She wrote, “There was an old lady who swallowed a fly.”
(115)

17As appears clearly, the enigma of the word is the source of writing—inarticulation is a call for articulation—but Briony is as yet unable to translate it into an appropriate narrative, her memory and her writing being still shaped by fairy tale or nursery rhyme sequentiality as witnessed by the phrasing of her memory of Robbie and the limerick opening her first attempt. Furthermore, the young Briony can no more read the word than she can un-read it—and erase in the process her first crime: stealing a letter not intended for her. It will behove Briony the writer, draft after draft, to accomplish both, not by dismissing word and letter from her memory, but by re-writing them from the original writer’s or addressee’s perspective, as her younger self could not have done. Thus the events of that hot summer day are recast through Robbie’s and Cecilia’s eyes, and do include the letter and record its sexual impact on each character. Briony also includes in her retelling the correspondence between the lovers—courtesy of the War Museum (371)—as if to make up for her interruption of their relation or, to put things differently, of the communication that the obscene note had made possible. Ironically, however, during Robbie’s stint in jail, the letters—which might not be in the War Museum and therefore might be a figment Briony’s imagination or fantasies—had to shun “the word”: not only were the lovers reduced to “making love. . .—by post” (205), but any letter between them had to go through the prison authority’s censorship. By a further twist, Robbie and Cecilia in the said correspondence entrust literature with the expression of their desire and “use characters as codes” (204), thus mimicking literature’s alleged function to sublimate erotic wishes (indeed, a quiet corner in a library is a disguised allusion to sexual ecstasy, because of the memories attached to it).

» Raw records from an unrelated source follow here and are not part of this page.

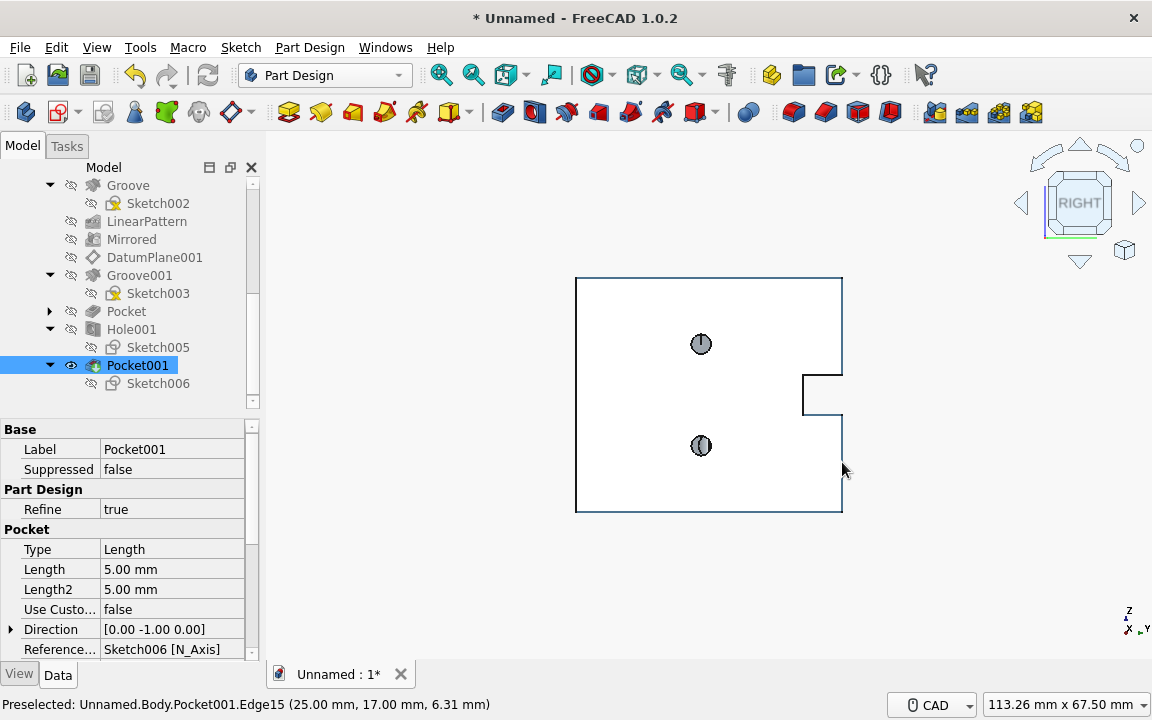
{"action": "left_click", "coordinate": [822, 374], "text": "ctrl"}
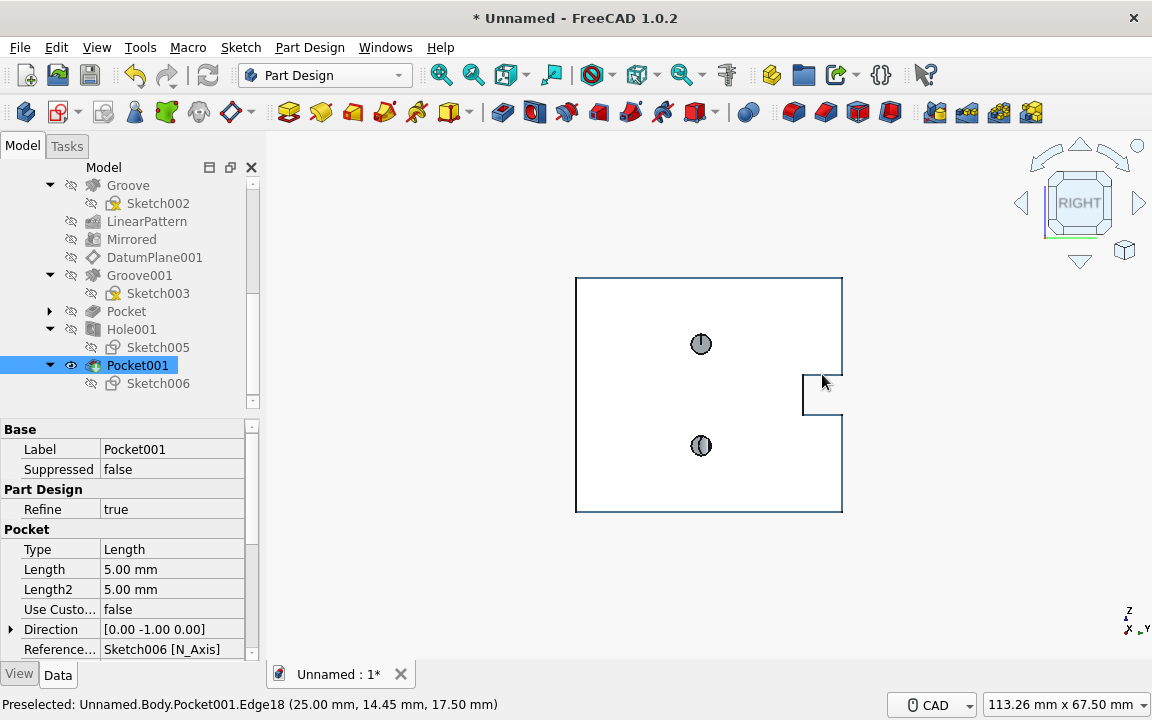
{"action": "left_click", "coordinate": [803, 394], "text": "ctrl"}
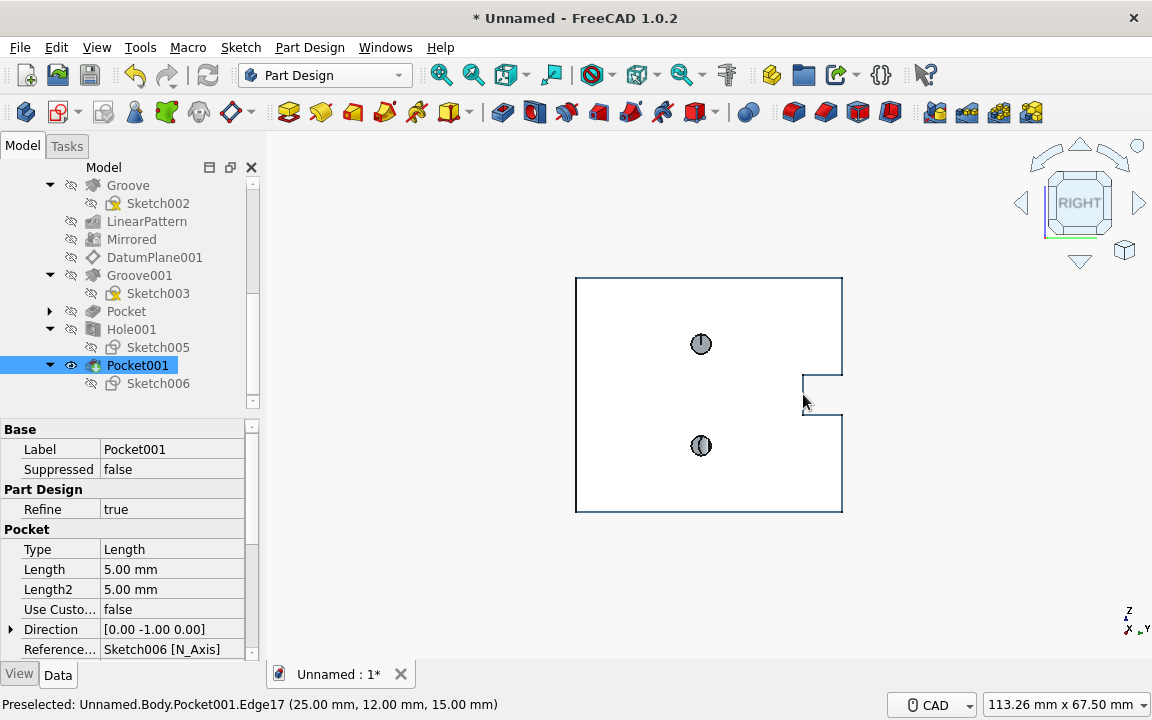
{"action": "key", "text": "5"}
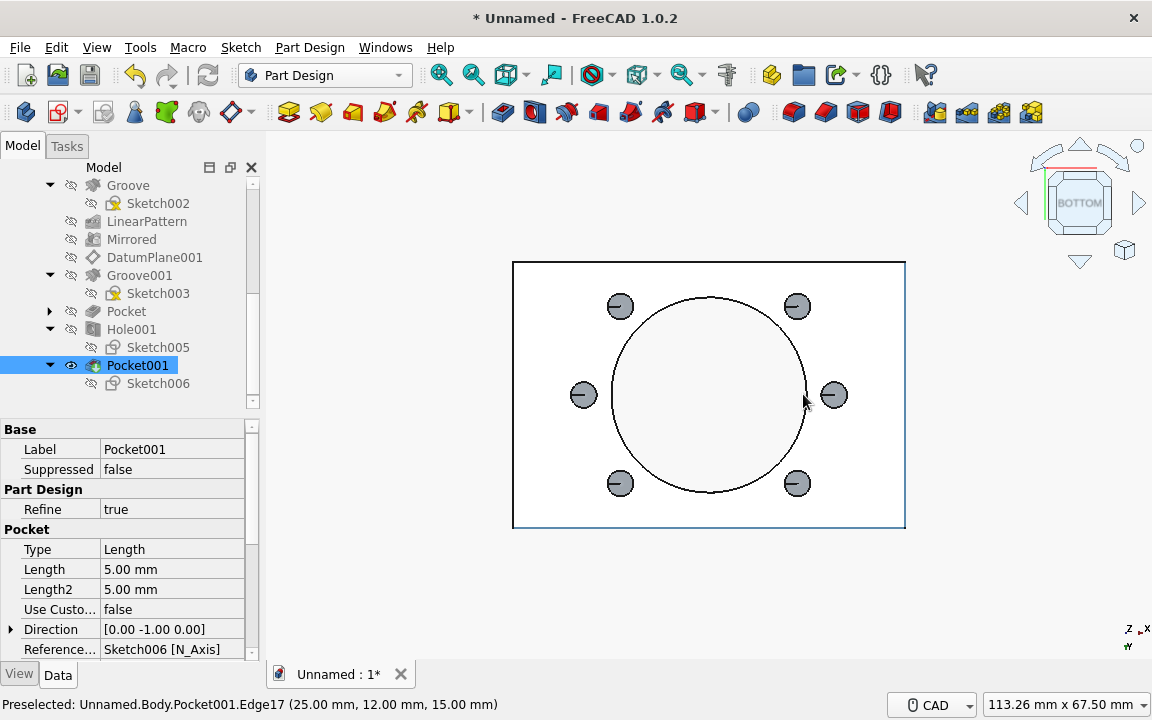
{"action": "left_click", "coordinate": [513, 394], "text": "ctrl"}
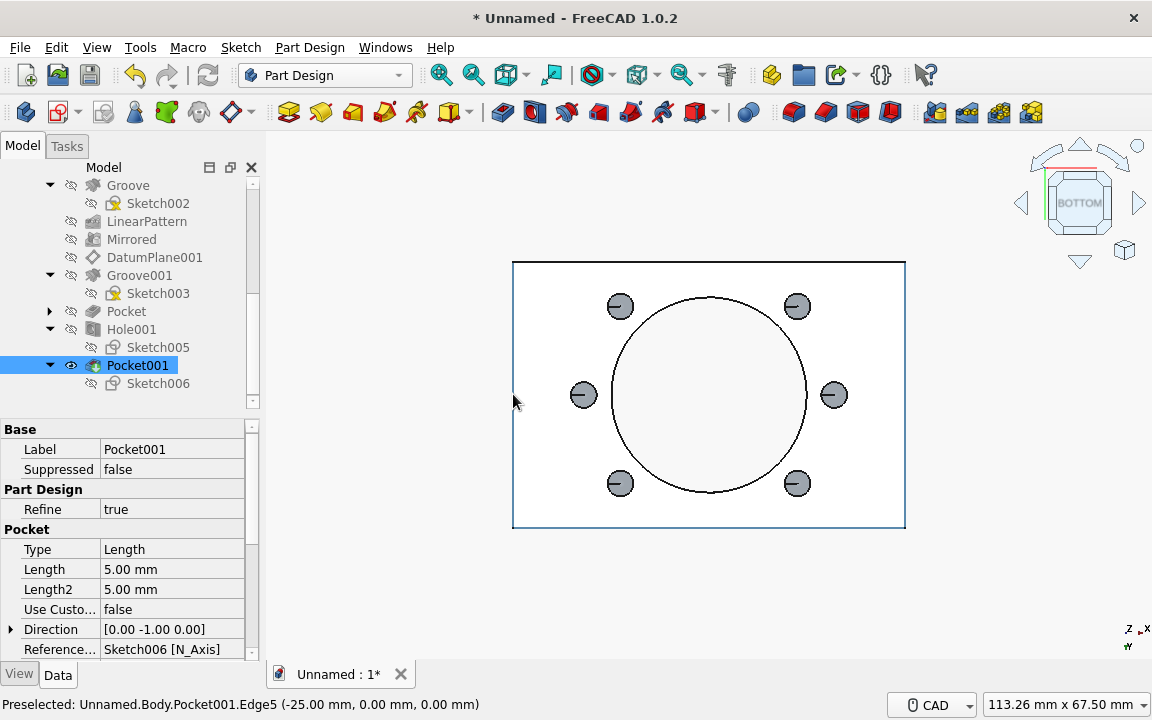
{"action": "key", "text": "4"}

18So the “unspeakable word” (160) plays a crucial role in the novel. Diegetically, first: it serves as an outlet for Briony’s complex feelings, at once naming the unspeakable she collides with and blurring it. On that score, the young girl is heir to a long line of characters in McEwan’s fiction whose knowing unknowingness on matters sexual verges on, and often leads to catastrophe. At the same time, the word seems to some extent to participate in McEwan’s conversation with modernism. Echoes to Conrad (Heart of Darkness) can be heard in the reference to the “unspeakable” or “some principle of darkness,” as if to oppose the crudeness of the language to Conrad’s well-known indirectness. A gibe at the prudishness of Woolf’s heroines is not to be ruled out either, in the context. But the terms of the conversation should not be overlooked. When Briony claims that her duty has been “to disguise nothing,” what she refers to is circumstantial evidence “a matter of historical record” (369), metaphorically bringing together, not for the first time in McEwan, historical and private issues. Which is, lastly, another way of saying that the offensive vocabulary should not obfuscate its self-reflective dimension, as a kind of intertextual allusion to McEwan’s early fiction. But the word, in the process, is as much written out as written off, as I will try to show.

19Briony, at first, could not bring herself to utter the word that she read in the letter—not even to herself, perhaps, as suggested by the conspicuous absence of this essential referent in the account of her reading (Part One, chapter Ten). It compels her to linguistic contortions when she nevertheless has to mention it, to Lola, for instance: “Rather than say the word out loud, which was unthinkable, she spelled it out for her, backwards” (119). So she will spell it out forward, as Briony the writer, but with a backward glance. And therein lies the main departure from McEwan’s earliest manner. In Atonement, Briony looks at her past with the benefit of hindsight—and of ulterior insight, in the passages of imagination—whereas the narratives leading up to The Comfort of Strangers inclusive, even though they were equally retrospective, as told in the past sense, left the reader with a sense of contemporaneity with the events with no such benefit to be expected. This was indeed the main source of the feeling of unease pervading the early fiction, since it contributed to the impression that the characters and narrators had no grasp on their aberrant experiences.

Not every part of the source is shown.